*ABOUT THIS TASK*. Each line of the records below needs repeating exactly. Skip the pictures.

*SUPPLIED RECORDS*.
--------

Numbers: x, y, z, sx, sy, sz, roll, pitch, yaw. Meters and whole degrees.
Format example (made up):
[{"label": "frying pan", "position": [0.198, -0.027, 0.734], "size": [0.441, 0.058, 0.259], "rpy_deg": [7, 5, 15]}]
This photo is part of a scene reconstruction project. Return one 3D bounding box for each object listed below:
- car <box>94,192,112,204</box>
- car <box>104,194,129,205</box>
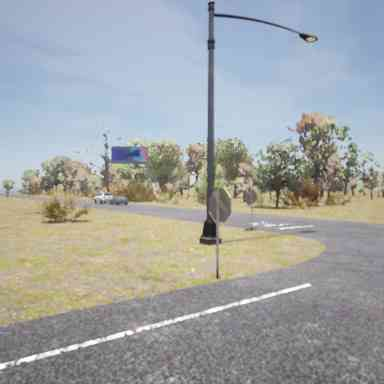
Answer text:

--------

*SOLVED PROBLEM*.
Numbers: x, y, z, sx, sy, sz, roll, pitch, yaw. Meters and whole degrees.
Format example (made up):
[{"label": "frying pan", "position": [0.198, -0.027, 0.734], "size": [0.441, 0.058, 0.259], "rpy_deg": [7, 5, 15]}]
This photo is part of a scene reconstruction project. Return one 3D bounding box for each object listed below:
- car <box>94,192,112,204</box>
- car <box>104,194,129,205</box>
Answer text:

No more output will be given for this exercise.